I think the hydrocotyle in the video Niko pointed out is a different type that grows a bit slower. The type we have will definitely fill in your foreground, and then move on to whatever else it can get a hold of.


----------



## fishyjoe24 (May 18, 2010)

Ekrindul said:


> I think the hydrocotyle in the video Niko pointed out is a different type that grows a bit slower. The type we have will definitely fill in your foreground, and then move on to whatever else it can get a hold of.


OUCH, um :-k so I guess that would be out of the questions because I wouldn't want it to grow to much and cover up the other plants... what about some crystalwort and tie it around slate to keep it down to use as fore ground.:-k

I will come up with something.


----------



## BobAlston (Jan 23, 2004)

Note that the species TexGal mentioned and all three others that are on the State list will be banned.

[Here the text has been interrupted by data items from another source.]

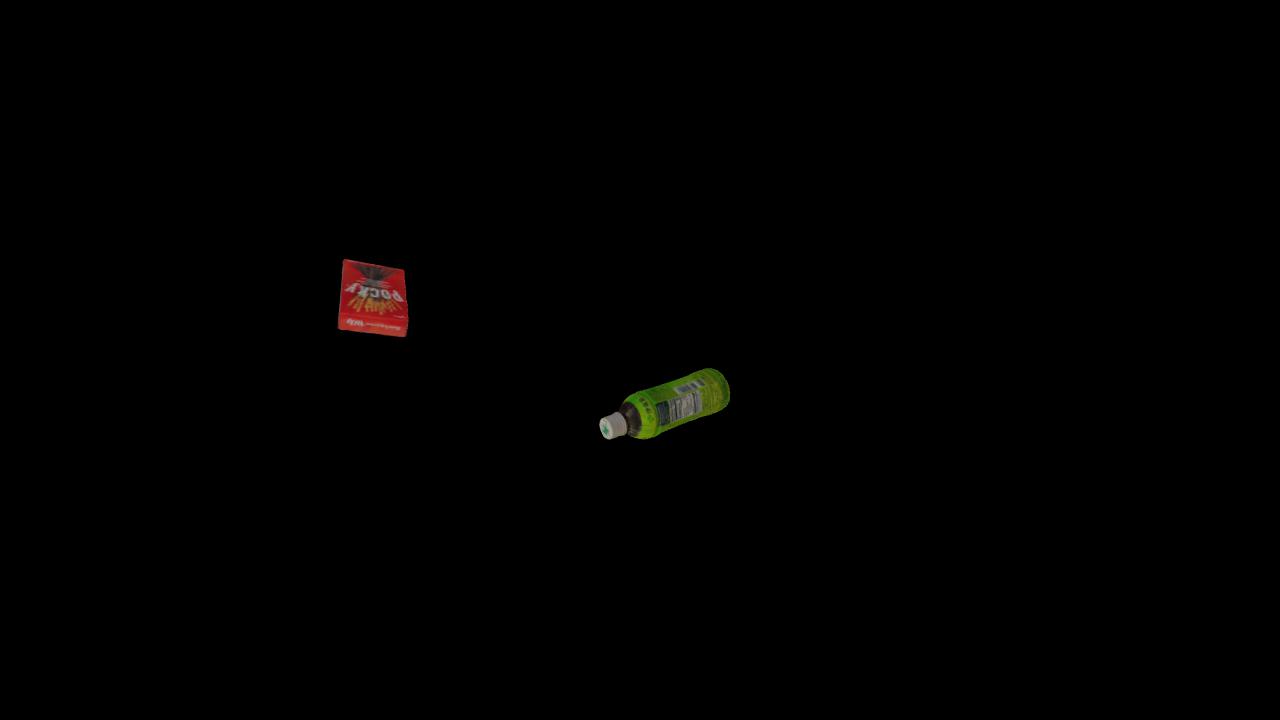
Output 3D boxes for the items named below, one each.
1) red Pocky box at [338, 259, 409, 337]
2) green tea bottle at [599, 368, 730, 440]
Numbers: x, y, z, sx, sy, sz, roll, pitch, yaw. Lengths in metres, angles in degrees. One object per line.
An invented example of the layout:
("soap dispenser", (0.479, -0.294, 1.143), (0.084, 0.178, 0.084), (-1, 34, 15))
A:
("red Pocky box", (-0.359, -0.086, 0.830), (0.083, 0.028, 0.155), (8, 30, -29))
("green tea bottle", (0.035, 0.067, 0.878), (0.212, 0.073, 0.073), (-14, 9, -38))

http://www.tpwd.state.tx.us/huntwild/wild/species/exotic/aquatic_plants/

See list of all plants considered.

Bob


----------



## fishyjoe24 (May 18, 2010)

well I went a different route and use dwarf sag.


----------



## fishyjoe24 (May 18, 2010)

bump, looking for Anubis bar. Nana I accidentally sold all of mine, and didn't mean too. I met up with a lady off of usafishbox to sell her some java fern,moss,anubis nana, and some fore ground. well I put some Anubis in a bag, and some others that I wanted to keep it all ended up in the sack.  

thought I would try to see if any one in the group had any, before I go looking at the lfs.


----------